1508
8 min read

A Case for Git Filters

Becoming a git sudoer

author profile image
Will Carhart
author profile image
Will Carhart
A Case for Git Filters cover image

Git's lesser known features

I'm starting to realize that every time I want to do something in Git that someone else has already written functionality for it. A quick web search shows some lesser known features like git stash and git cherry-pick. But, what if I only want to commit a few lines of the code I've written in a file? Yes, feature already exists, use git add -p. Okay, but what if I found a bug in my current branch and don't know how to find what commit created it? Yes, feature already exists, use git bisect. Since its birth in 2005, Git has become one of the most pleasant, fully-featured software tools I use day-to-day (when it does what I want). Let's look at one of the most powerful, underutilized Git features: Git filters.


Git filters

Git filters are not a mainstream feature of Git - there's not even a dedicated page for them in the documentation.
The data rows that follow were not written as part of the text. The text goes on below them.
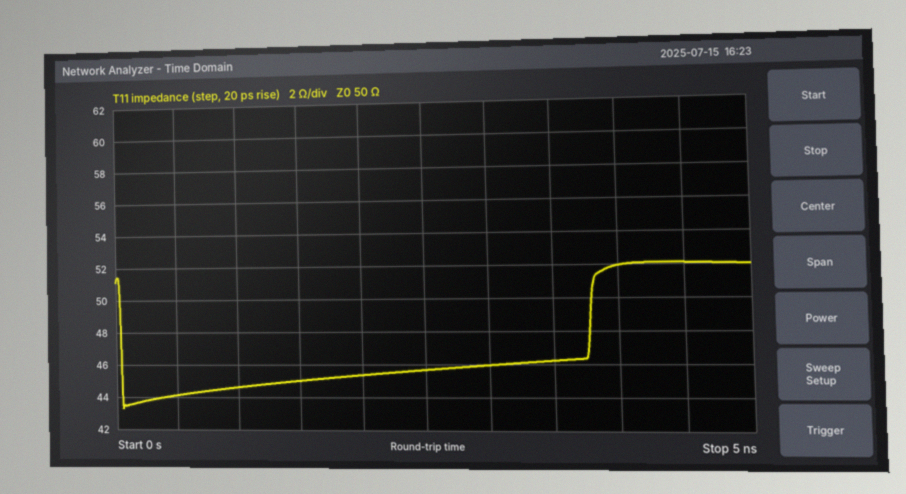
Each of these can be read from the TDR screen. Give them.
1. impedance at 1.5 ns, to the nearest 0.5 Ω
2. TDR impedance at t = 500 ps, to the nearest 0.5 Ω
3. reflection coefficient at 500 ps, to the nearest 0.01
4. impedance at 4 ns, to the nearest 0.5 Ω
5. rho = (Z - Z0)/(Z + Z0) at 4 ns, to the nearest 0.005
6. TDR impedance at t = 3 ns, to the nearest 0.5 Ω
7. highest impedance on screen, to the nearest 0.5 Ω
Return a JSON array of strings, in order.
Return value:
["45.0 Ω", "44.0 Ω", "-0.06", "52.0 Ω", "+0.020", "46.0 Ω", "52.0 Ω"]
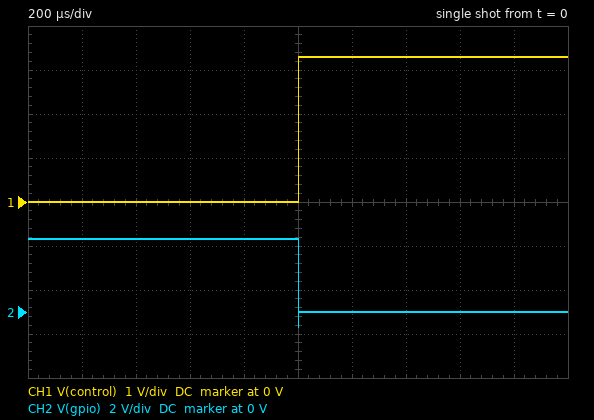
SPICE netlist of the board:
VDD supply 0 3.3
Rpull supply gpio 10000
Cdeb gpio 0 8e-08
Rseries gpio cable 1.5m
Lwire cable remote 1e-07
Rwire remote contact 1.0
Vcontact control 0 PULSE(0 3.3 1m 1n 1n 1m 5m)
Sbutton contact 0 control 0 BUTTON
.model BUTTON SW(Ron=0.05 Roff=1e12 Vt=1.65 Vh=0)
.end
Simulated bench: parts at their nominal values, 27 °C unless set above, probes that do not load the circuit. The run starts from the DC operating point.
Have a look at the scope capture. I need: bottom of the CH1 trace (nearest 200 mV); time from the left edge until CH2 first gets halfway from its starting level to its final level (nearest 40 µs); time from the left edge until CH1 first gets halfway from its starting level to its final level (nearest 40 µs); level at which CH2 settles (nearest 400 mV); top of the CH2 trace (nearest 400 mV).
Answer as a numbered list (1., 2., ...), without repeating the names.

1. 0 V
2. 1.00 ms
3. 1.00 ms
4. 0 V
5. 3.2 V

They're a subfeature of Git Attributes, or the path-specific Git Settings, specified in .gitattributes. You can use a .gitattributes file in your repository to change the settings for a specific repository and not Git as a whole on your machine. If you've used a .gitattributes file in the past, perhaps you've used it to specify merge strategies, which is a commonly used feature. You can explore all of the available Git customizations and functionality in the documentation.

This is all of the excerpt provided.